Mas muitas das mais populares
marchinhas de Carnaval ainda refletem velhas atitudes. Elas incluem letras
racistas e sexistas sobre mulatas como O teu cabelo não nega.
O problema vai, porém muito além
do assédio e do que ocorre no Carnaval; o Brasil tem índices de chocantes de
violência sexual. De acordo com relatório de segurança pública de 2014, uma
pessoa é estuprada a cada 11 minutos no país – e o número real deve ser muito
maior se forem considerados os casos que não são reportados.

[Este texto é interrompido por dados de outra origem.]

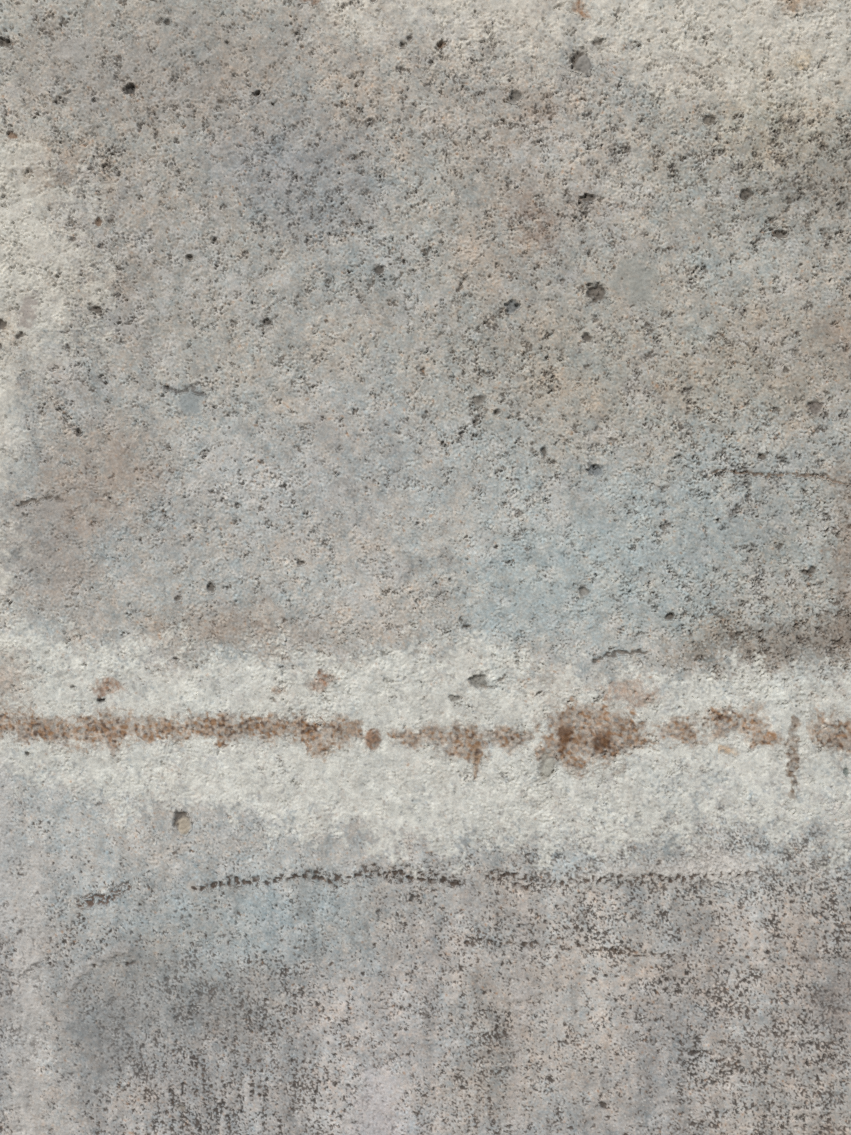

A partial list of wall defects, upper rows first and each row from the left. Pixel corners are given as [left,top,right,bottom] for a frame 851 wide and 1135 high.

rust [0,643,851,801]
crack [190,862,759,894]
crack [74,882,131,911]

O país também tem uma das mais
altas taxas de homicídios contra mulheres no mundo. Ainda que o número de
homicídios de mulheres brancas esteja em declínio, as estatísticas envolvendo
mulheres negras dispararam.
Analba Brazão, uma ativista do
SOS Corpo, uma organização feminista do Recife, afirma ser fã do Carnaval. No
entanto, ela diz que a violência contra mulheres é amplificada em eventos de
rua. "As mulheres no Brasil não têm a liberdade de estar na rua. Elas
ficam expostas", diz. "Nossa luta é pelo direito de pode sair em
público e contar com segurança".
Antigas mazelas
Daiane Monteiro, de 29 anos,
estava tomando algo em um café quando o bloco Mulheres Rodadas passou pelo
local na última sexta-feira para um ensaio de pré-Carnaval. A jovem, que toca
um instrumento de sinos chamado agogô em uma das mais tradicionais escolas de
samba do Rio, gostou da iniciativa do grupo, mas disse não achar que o assédio
sexual ainda continua a ser um grande problema no Rio.

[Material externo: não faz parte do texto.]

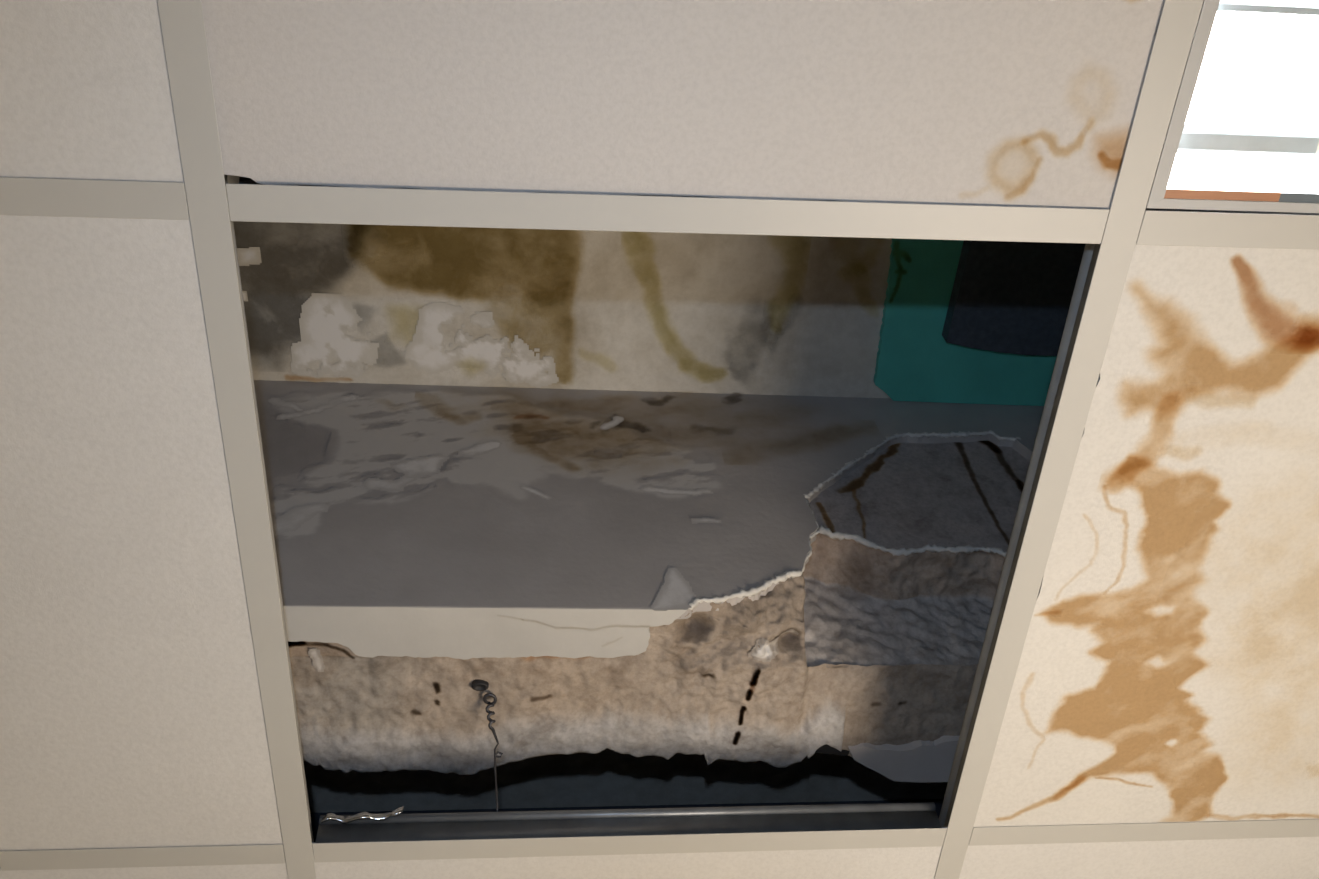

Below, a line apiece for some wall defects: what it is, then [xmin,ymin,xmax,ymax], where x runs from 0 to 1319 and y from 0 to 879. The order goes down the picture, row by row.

leakage [356,224,489,294]
peeling [234,221,730,546]
spalling [288,430,1030,775]

No entanto, Daiane Rodrigues
pensa que assumir novos papéis na música não é o bastante. "Mulheres estão
por toda parte nos blocos e escolas de samba, mas elas não se tornam mestres de
baterias, não conduzem as bandas e não tomam decisões", conta.
Raquel Fialho, de 36 anos, vai
tocar o xequerê com o Mulheres Rodadas pela primeira vez neste ano. "Eu vi
eles no ano passado e fiquei encantada", afirma. "Foi algo muito
poderoso, bonito e colorido". Ela sabe que as tradições do Carnaval contam
com décadas de história e que mudar as atitudes será um longo processo: "Não
podemos esperar mudar as ideias em apenas alguns anos."

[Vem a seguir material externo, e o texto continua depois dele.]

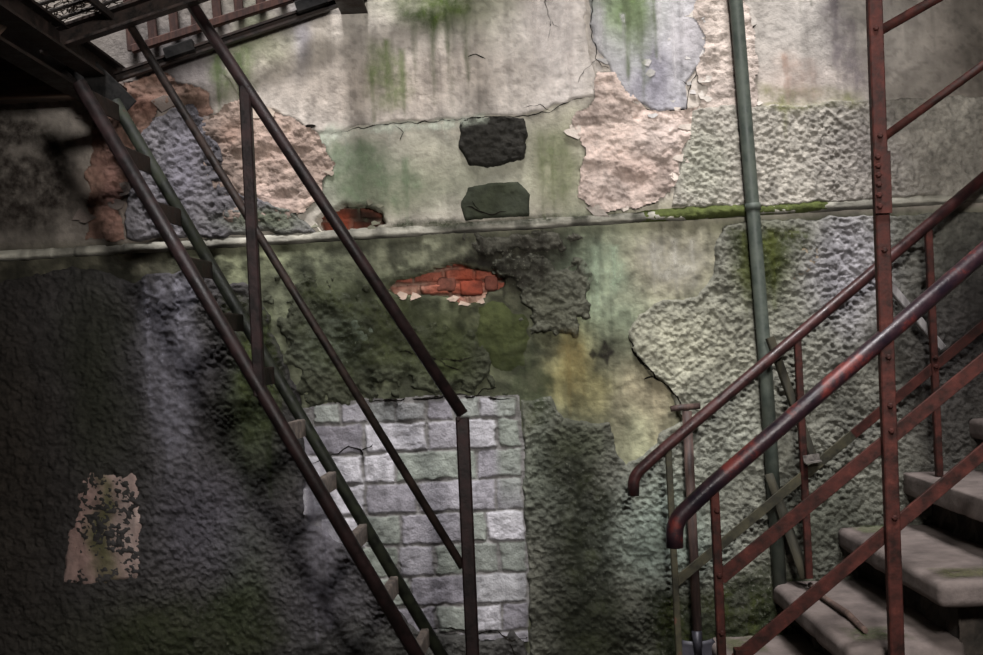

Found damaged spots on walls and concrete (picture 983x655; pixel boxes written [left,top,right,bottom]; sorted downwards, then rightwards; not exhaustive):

spalling [743,0,763,107]
flaking render [119,0,738,222]
spalling [72,110,135,242]
spalling [311,199,385,232]
spalling [389,264,505,306]

Muitos no Brasil também temem que
direitos conquistados pelas mulheres estejam sob risco com o presidente Michel
Temer, que lidera o governo mais conservador desde o fim do regime militar.
Quando Temer anunciou o seu primeiro ministério após assumir interinamente, as
pastas não incluíam nenhuma mulher.
Ele também aboliu o status de
ministério das secretarias de Políticas para as Mulheres, de Políticas de
Promoção da Igualdade Racial, e de Direitos Humanos. As responsabilidades das
pastas passaram a ser atribuição do Ministério da Justiça.
"Nosso grupo começou como
uma brincadeira, mas é na verdade muito sério", reforça Renata Rodrigues,
a criadora do bloco.
"O Carnaval é talvez a mais
importante forma de protesto no Brasil."